You could try the /ping
slash command again to verify the outage. You’ll see that the slash command doesn’t work. By using the slash command, you can verify the deckofcards
API is offline without even leaving the channel in Mattermost! You can include that tidbit of information with the first update, and a minute later you will be asked for another follow-up. During a real incident, every second counts!
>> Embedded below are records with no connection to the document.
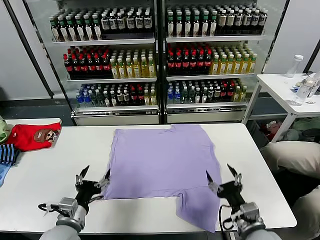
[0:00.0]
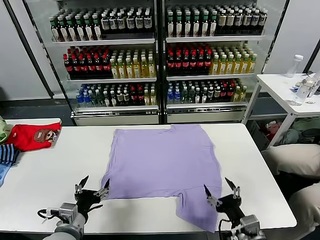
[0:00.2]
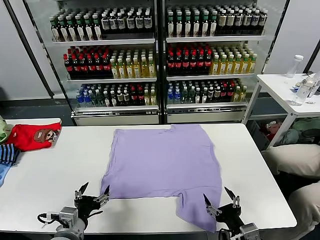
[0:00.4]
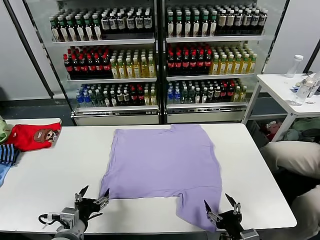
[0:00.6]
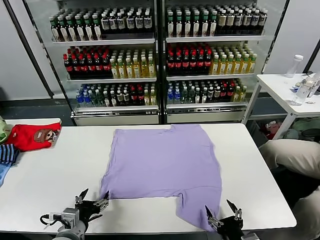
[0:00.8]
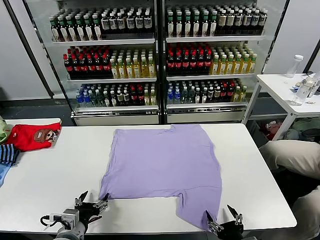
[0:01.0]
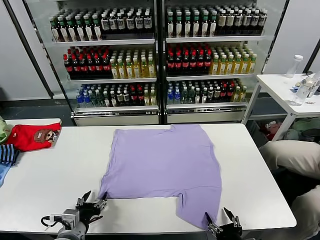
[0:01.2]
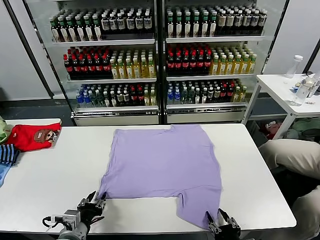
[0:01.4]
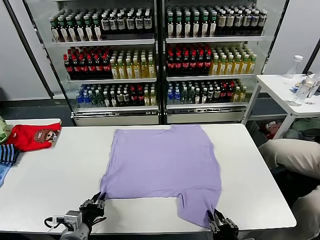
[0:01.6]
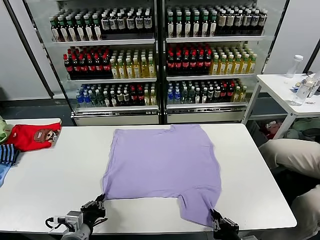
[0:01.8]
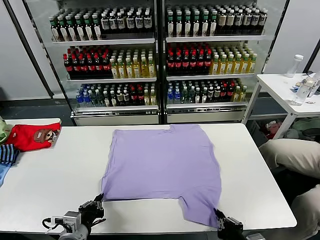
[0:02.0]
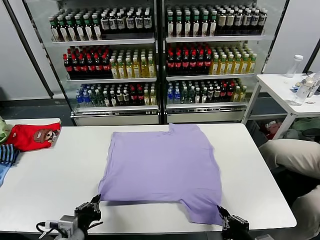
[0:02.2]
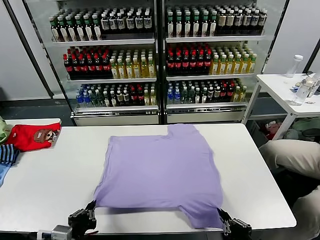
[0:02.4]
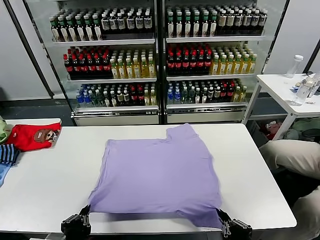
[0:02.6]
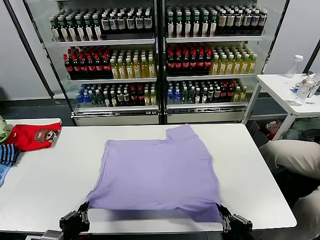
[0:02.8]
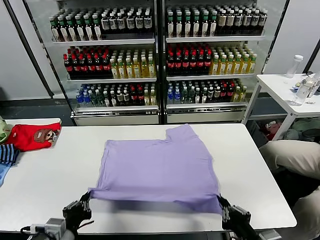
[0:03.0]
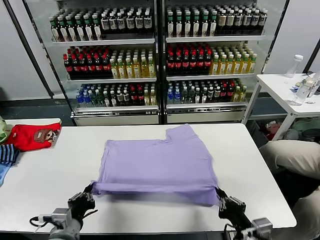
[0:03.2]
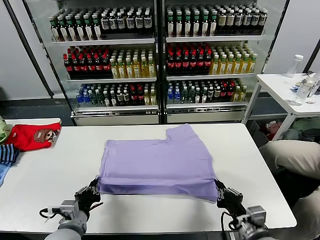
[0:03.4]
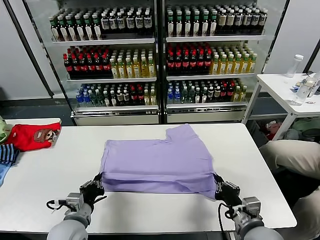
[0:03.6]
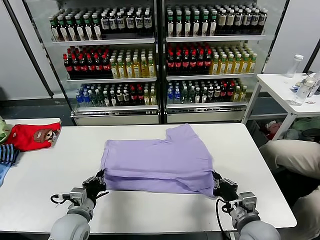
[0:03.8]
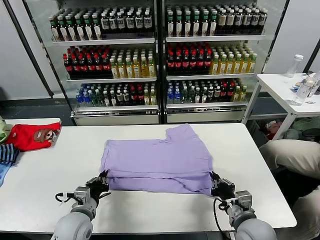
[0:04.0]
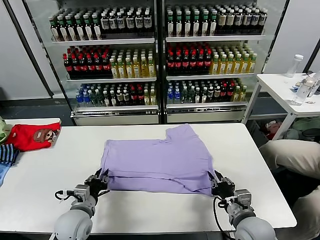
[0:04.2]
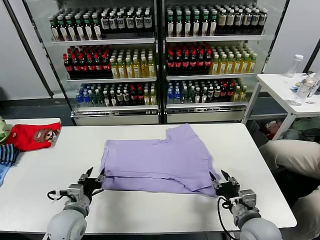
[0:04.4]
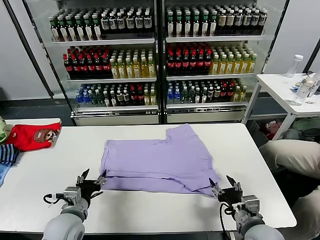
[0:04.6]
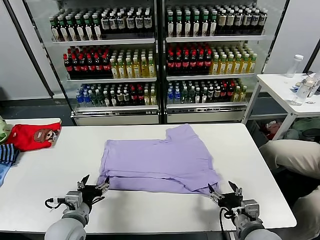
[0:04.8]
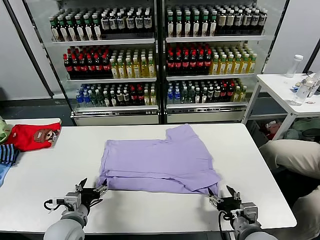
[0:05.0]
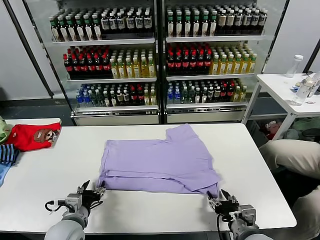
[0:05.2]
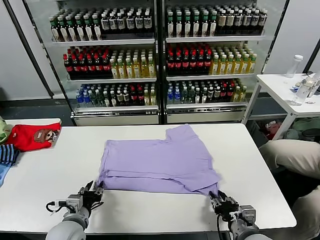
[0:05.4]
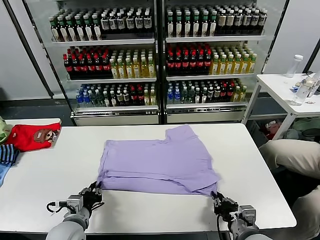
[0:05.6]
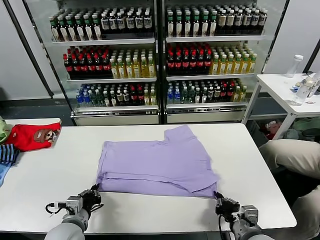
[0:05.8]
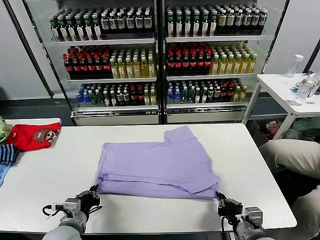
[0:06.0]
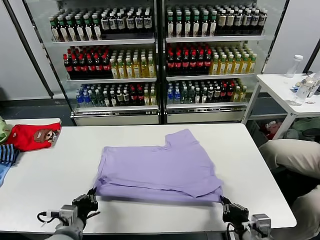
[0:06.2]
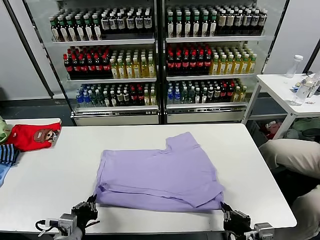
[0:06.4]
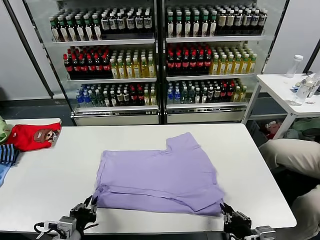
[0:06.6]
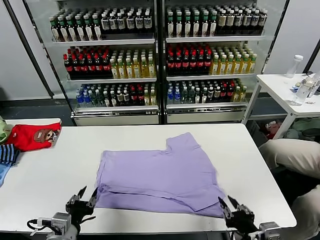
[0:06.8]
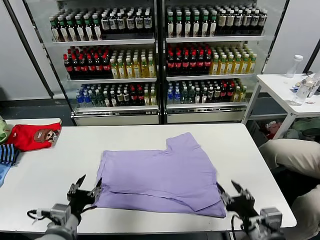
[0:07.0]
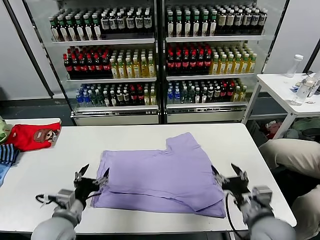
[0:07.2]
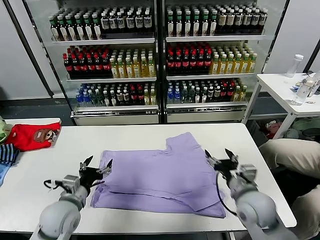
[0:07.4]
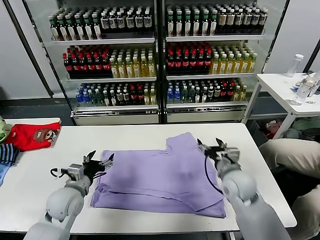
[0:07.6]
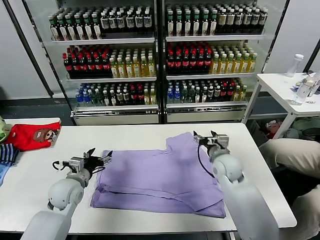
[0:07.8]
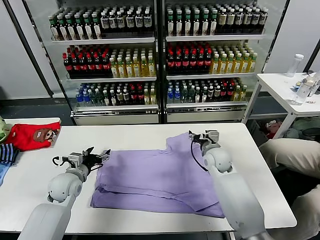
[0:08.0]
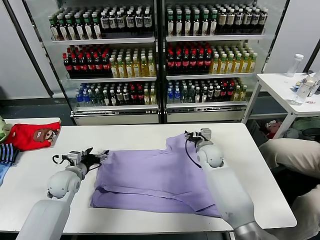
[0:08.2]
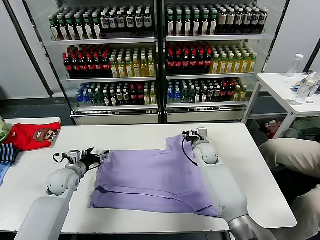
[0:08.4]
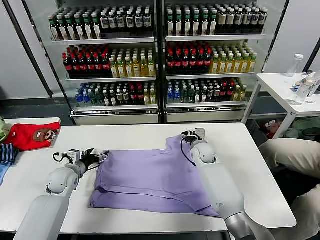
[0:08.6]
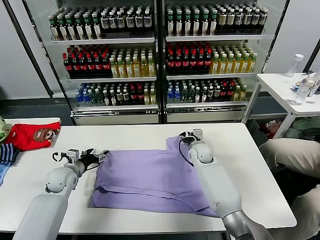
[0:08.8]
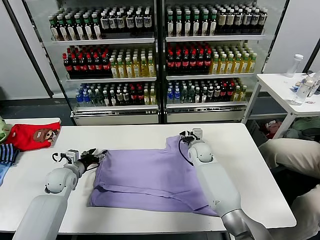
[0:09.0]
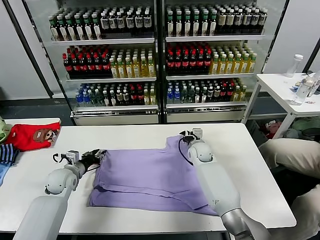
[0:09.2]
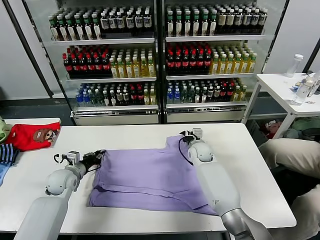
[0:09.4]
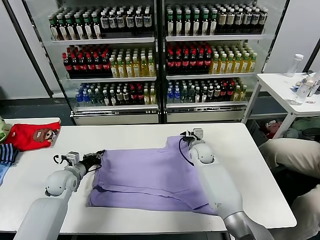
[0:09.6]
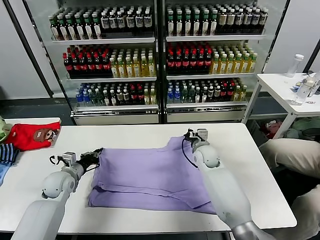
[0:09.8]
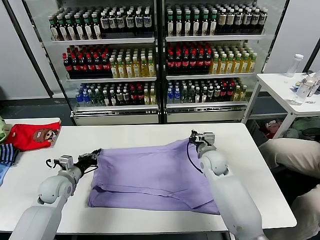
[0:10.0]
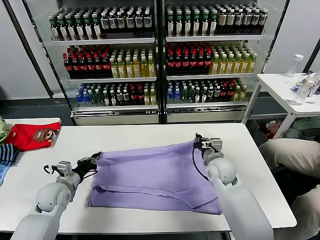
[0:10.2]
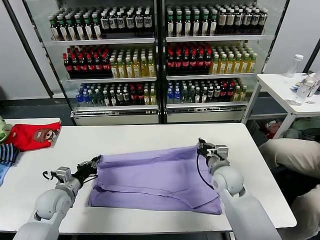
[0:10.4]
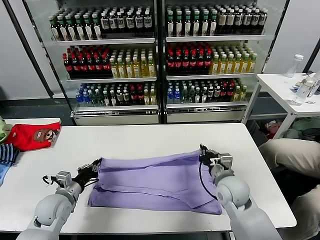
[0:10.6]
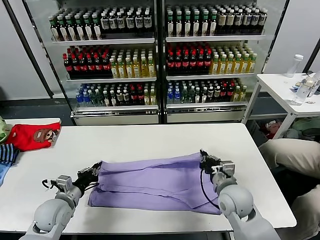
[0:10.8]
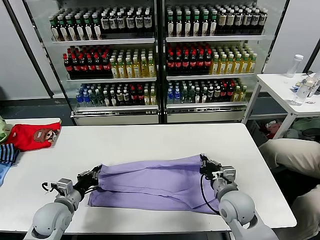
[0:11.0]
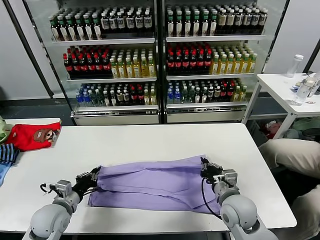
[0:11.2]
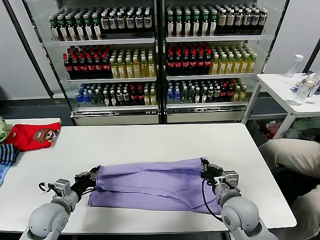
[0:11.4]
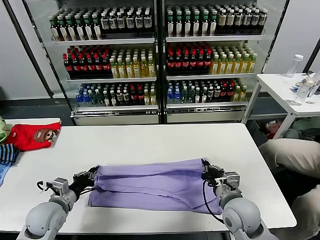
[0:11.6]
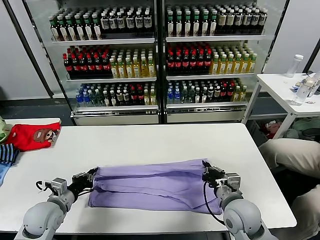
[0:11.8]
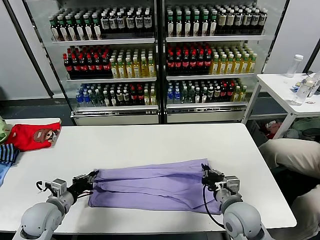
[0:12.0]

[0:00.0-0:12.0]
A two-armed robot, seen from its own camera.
Task of the whole recording: fold and organize the clothes.
Step, 0:00.0 to 0:02.0: use both grippers simultaneously to clamp the lower edge of the clothing fabric.
Step, 0:02.2 to 0:04.4: use both grippers to drag the lower edge of the fabric forward and fold it over the upper edge.
Step, 0:04.6 to 0:06.8: Drag the clothes downward with both gripper.
Step, 0:07.0 to 0:09.8: use both grippers simultaneously to clamp the upper edge of the clothing fabric.
0:01.6 to 0:03.0: The left gripper goes roughly 5 cm upward, while the right gripper heads upward, covering about 10 cm.
0:03.0 to 0:04.4: The two grippers go some 10 cm forward. The right gripper opens up, while the left gripper opens up.
0:04.4 to 0:06.0: The right gripper goes approximately 5 cm backward, and closes; the left gripper closes its fingers.
0:06.0 to 0:07.6: The left gripper shifts some 10 cm forward, and opens up. Meanwhile the right gripper moves forward, some 25 cm, and opens its fingers.
0:07.6 to 0:09.0: The right gripper goes roughly 15 cm forward, to the left and downward, and closes up. The left gripper heads forward and to the left, covering about 10 cm.
0:09.0 to 0:10.4: The left gripper travels backward by some 10 cm, and closes its fingers. The right gripper shifts roughly 15 cm backward, and closes its fingers.
0:10.4 to 0:12.0: The left gripper heads backward, covering some 5 cm. Meanwhile the right gripper goes approximately 10 cm backward.

To simulate resolving the outage, use the following command:
docker start deckofcards
After another minute, Healthchecks will report the restored service to Mattermost and the /ping
slash command will work again, so you can finish the remaining steps and mark the playbook as finished!
Next Steps
You’ve successfully set up your first incident response plan in Mattermost! Let’s recap everything you accomplished in these few simple steps:
- Set up Mattermost to centralize developer collaboration and communication
- Learned how to authenticate and fetch data from the Mattermost API
- Initialized an API (
deckofcards
) to serve as a starting point for new ideas - Created a Mattermost slash command to communicate with
deckofcards
- Configured Healthchecks to monitor
deckofcards
for any outages and report them to Mattermost, along with launching a playbook to resolve the outage!
You can use this setup as a starting point for your own projects that require uptime monitoring and incident resolution. Mattermost can serve as the platform for your entire developer workflow, and this demo is barely scratching the surface. For example, you could use this deckofcards
API to create slash commands or even an entire Mattermost app! What will you create?